**Exercise input**:
=== Begin Enclosure ===

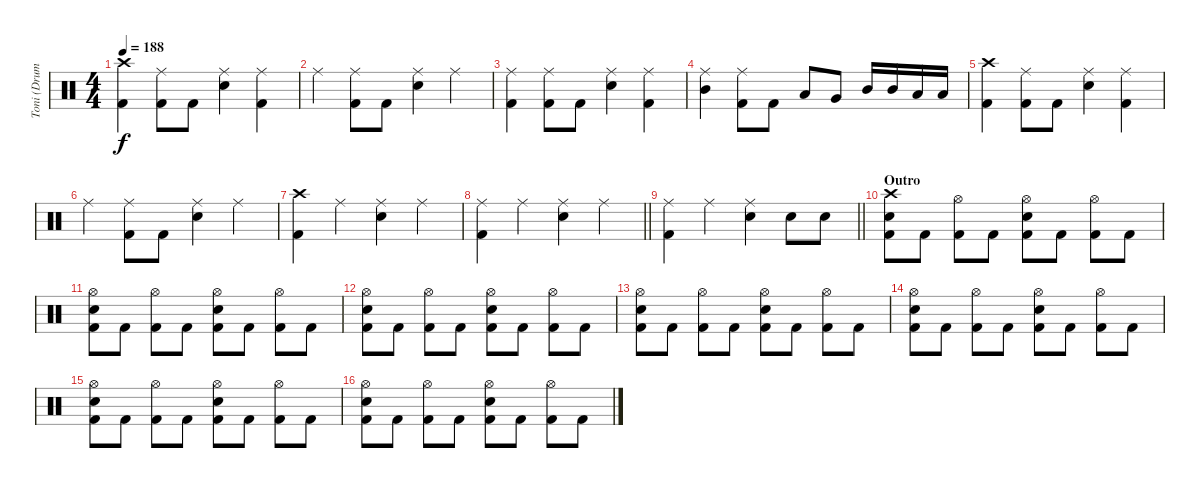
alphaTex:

\track ("Toni (Drums)" "Toni (Drum") {instrument percussion}
\staff {score}
\articulation defaults
\ts (4 4)
\tempo 188
\clef neutral
\ks c
("Crash high (hit)" "Kick (hit) 2").4{dy f} ("Ride (middle)" "Kick (hit) 2").8 "Kick (hit) 2".8 ("Ride (middle)" "Electric Snare (hit)").4 ("Ride (middle)" "Kick (hit) 2").4 |
"Ride (middle)".4 ("Ride (middle)" "Kick (hit) 2").8 "Kick (hit) 2".8 ("Ride (middle)" "Electric Snare (hit)").4 "Ride (middle)".4 |
("Ride (middle)" "Kick (hit) 2").4 ("Ride (middle)" "Kick (hit) 2").8 "Kick (hit) 2".8 ("Ride (middle)" "Electric Snare (hit)").4 ("Ride (middle)" "Kick (hit) 2").4 |
("Ride (middle)" "Mid Tom (hit)").4 ("Ride (middle)" "Kick (hit) 2").8 "Kick (hit) 2".8 "Low Tom (hit)".8 "Very Low Tom (hit)".8 "Mid Tom (hit)".16 "Mid Tom (hit)".16 "Low Tom (hit)".16 "Low Tom (hit)".16 |
("Crash high (hit)" "Kick (hit) 2").4 ("Ride (middle)" "Kick (hit) 2").8 "Kick (hit) 2".8 ("Ride (middle)" "Electric Snare (hit)").4 ("Ride (middle)" "Kick (hit) 2").4 |
"Ride (middle)".4 ("Ride (middle)" "Kick (hit) 2").8 "Kick (hit) 2".8 ("Ride (middle)" "Electric Snare (hit)").4 "Ride (middle)".4 |
("Crash high (hit)" "Kick (hit) 2").4 "Ride (middle)".4 ("Ride (middle)" "Electric Snare (hit)").4 "Ride (middle)".4 |
\barLineRight lightlight
("Ride (middle)" "Kick (hit) 2").4 "Ride (middle)".4 ("Ride (middle)" "Electric Snare (hit)").4 "Ride (middle)".4 |
\barLineRight lightlight
("Ride (middle)" "Kick (hit) 2").4 "Ride (middle)".4 ("Ride (middle)" "Electric Snare (hit)").4 "Electric Snare (hit)".8 "Electric Snare (hit)".8 |
\section ("" "Outro")
("Crash high (hit)" "Electric Snare (hit)" "Kick (hit) 2").8 "Kick (hit) 2".8 ("Hi-Hat (open)" "Kick (hit) 2").8 "Kick (hit) 2".8 ("Hi-Hat (open)" "Electric Snare (hit)" "Kick (hit) 2").8 "Kick (hit) 2".8 ("Hi-Hat (open)" "Kick (hit) 2").8 "Kick (hit) 2".8 |
("Hi-Hat (open)" "Electric Snare (hit)" "Kick (hit) 2").8 "Kick (hit) 2".8 ("Hi-Hat (open)" "Kick (hit) 2").8 "Kick (hit) 2".8 ("Hi-Hat (open)" "Electric Snare (hit)" "Kick (hit) 2").8 "Kick (hit) 2".8 ("Hi-Hat (open)" "Kick (hit) 2").8 "Kick (hit) 2".8 |
("Hi-Hat (open)" "Electric Snare (hit)" "Kick (hit) 2").8 "Kick (hit) 2".8 ("Hi-Hat (open)" "Kick (hit) 2").8 "Kick (hit) 2".8 ("Hi-Hat (open)" "Electric Snare (hit)" "Kick (hit) 2").8 "Kick (hit) 2".8 ("Hi-Hat (open)" "Kick (hit) 2").8 "Kick (hit) 2".8 |
("Hi-Hat (open)" "Electric Snare (hit)" "Kick (hit) 2").8 "Kick (hit) 2".8 ("Hi-Hat (open)" "Kick (hit) 2").8 "Kick (hit) 2".8 ("Hi-Hat (open)" "Electric Snare (hit)" "Kick (hit) 2").8 "Kick (hit) 2".8 ("Hi-Hat (open)" "Kick (hit) 2").8 "Kick (hit) 2".8 |
("Hi-Hat (open)" "Electric Snare (hit)" "Kick (hit) 2").8 "Kick (hit) 2".8 ("Hi-Hat (open)" "Kick (hit) 2").8 "Kick (hit) 2".8 ("Hi-Hat (open)" "Electric Snare (hit)" "Kick (hit) 2").8 "Kick (hit) 2".8 ("Hi-Hat (open)" "Kick (hit) 2").8 "Kick (hit) 2".8 |
("Hi-Hat (open)" "Electric Snare (hit)" "Kick (hit) 2").8 "Kick (hit) 2".8 ("Hi-Hat (open)" "Kick (hit) 2").8 "Kick (hit) 2".8 ("Hi-Hat (open)" "Electric Snare (hit)" "Kick (hit) 2").8 "Kick (hit) 2".8 ("Hi-Hat (open)" "Kick (hit) 2").8 "Kick (hit) 2".8 |
("Hi-Hat (open)" "Electric Snare (hit)" "Kick (hit) 2").8 "Kick (hit) 2".8 ("Hi-Hat (open)" "Kick (hit) 2").8 "Kick (hit) 2".8 ("Hi-Hat (open)" "Electric Snare (hit)" "Kick (hit) 2").8 "Kick (hit) 2".8 ("Hi-Hat (open)" "Kick (hit) 2").8 "Kick (hit) 2".8

=== End Enclosure ===

**Task to carry out**: Images are to be omitted; repeat the remaining data above exactly.

**Exercise result**:
alphaTex:

\track ("Toni (Drums)" "Toni (Drum") {instrument percussion}
\staff {score}
\articulation defaults
\ts (4 4)
\tempo 188
\clef neutral
\ks c
("Crash high (hit)" "Kick (hit) 2").4{dy f} ("Ride (middle)" "Kick (hit) 2").8 "Kick (hit) 2".8 ("Ride (middle)" "Electric Snare (hit)").4 ("Ride (middle)" "Kick (hit) 2").4 |
"Ride (middle)".4 ("Ride (middle)" "Kick (hit) 2").8 "Kick (hit) 2".8 ("Ride (middle)" "Electric Snare (hit)").4 "Ride (middle)".4 |
("Ride (middle)" "Kick (hit) 2").4 ("Ride (middle)" "Kick (hit) 2").8 "Kick (hit) 2".8 ("Ride (middle)" "Electric Snare (hit)").4 ("Ride (middle)" "Kick (hit) 2").4 |
("Ride (middle)" "Mid Tom (hit)").4 ("Ride (middle)" "Kick (hit) 2").8 "Kick (hit) 2".8 "Low Tom (hit)".8 "Very Low Tom (hit)".8 "Mid Tom (hit)".16 "Mid Tom (hit)".16 "Low Tom (hit)".16 "Low Tom (hit)".16 |
("Crash high (hit)" "Kick (hit) 2").4 ("Ride (middle)" "Kick (hit) 2").8 "Kick (hit) 2".8 ("Ride (middle)" "Electric Snare (hit)").4 ("Ride (middle)" "Kick (hit) 2").4 |
"Ride (middle)".4 ("Ride (middle)" "Kick (hit) 2").8 "Kick (hit) 2".8 ("Ride (middle)" "Electric Snare (hit)").4 "Ride (middle)".4 |
("Crash high (hit)" "Kick (hit) 2").4 "Ride (middle)".4 ("Ride (middle)" "Electric Snare (hit)").4 "Ride (middle)".4 |
\barLineRight lightlight
("Ride (middle)" "Kick (hit) 2").4 "Ride (middle)".4 ("Ride (middle)" "Electric Snare (hit)").4 "Ride (middle)".4 |
\barLineRight lightlight
("Ride (middle)" "Kick (hit) 2").4 "Ride (middle)".4 ("Ride (middle)" "Electric Snare (hit)").4 "Electric Snare (hit)".8 "Electric Snare (hit)".8 |
\section ("" "Outro")
("Crash high (hit)" "Electric Snare (hit)" "Kick (hit) 2").8 "Kick (hit) 2".8 ("Hi-Hat (open)" "Kick (hit) 2").8 "Kick (hit) 2".8 ("Hi-Hat (open)" "Electric Snare (hit)" "Kick (hit) 2").8 "Kick (hit) 2".8 ("Hi-Hat (open)" "Kick (hit) 2").8 "Kick (hit) 2".8 |
("Hi-Hat (open)" "Electric Snare (hit)" "Kick (hit) 2").8 "Kick (hit) 2".8 ("Hi-Hat (open)" "Kick (hit) 2").8 "Kick (hit) 2".8 ("Hi-Hat (open)" "Electric Snare (hit)" "Kick (hit) 2").8 "Kick (hit) 2".8 ("Hi-Hat (open)" "Kick (hit) 2").8 "Kick (hit) 2".8 |
("Hi-Hat (open)" "Electric Snare (hit)" "Kick (hit) 2").8 "Kick (hit) 2".8 ("Hi-Hat (open)" "Kick (hit) 2").8 "Kick (hit) 2".8 ("Hi-Hat (open)" "Electric Snare (hit)" "Kick (hit) 2").8 "Kick (hit) 2".8 ("Hi-Hat (open)" "Kick (hit) 2").8 "Kick (hit) 2".8 |
("Hi-Hat (open)" "Electric Snare (hit)" "Kick (hit) 2").8 "Kick (hit) 2".8 ("Hi-Hat (open)" "Kick (hit) 2").8 "Kick (hit) 2".8 ("Hi-Hat (open)" "Electric Snare (hit)" "Kick (hit) 2").8 "Kick (hit) 2".8 ("Hi-Hat (open)" "Kick (hit) 2").8 "Kick (hit) 2".8 |
("Hi-Hat (open)" "Electric Snare (hit)" "Kick (hit) 2").8 "Kick (hit) 2".8 ("Hi-Hat (open)" "Kick (hit) 2").8 "Kick (hit) 2".8 ("Hi-Hat (open)" "Electric Snare (hit)" "Kick (hit) 2").8 "Kick (hit) 2".8 ("Hi-Hat (open)" "Kick (hit) 2").8 "Kick (hit) 2".8 |
("Hi-Hat (open)" "Electric Snare (hit)" "Kick (hit) 2").8 "Kick (hit) 2".8 ("Hi-Hat (open)" "Kick (hit) 2").8 "Kick (hit) 2".8 ("Hi-Hat (open)" "Electric Snare (hit)" "Kick (hit) 2").8 "Kick (hit) 2".8 ("Hi-Hat (open)" "Kick (hit) 2").8 "Kick (hit) 2".8 |
("Hi-Hat (open)" "Electric Snare (hit)" "Kick (hit) 2").8 "Kick (hit) 2".8 ("Hi-Hat (open)" "Kick (hit) 2").8 "Kick (hit) 2".8 ("Hi-Hat (open)" "Electric Snare (hit)" "Kick (hit) 2").8 "Kick (hit) 2".8 ("Hi-Hat (open)" "Kick (hit) 2").8 "Kick (hit) 2".8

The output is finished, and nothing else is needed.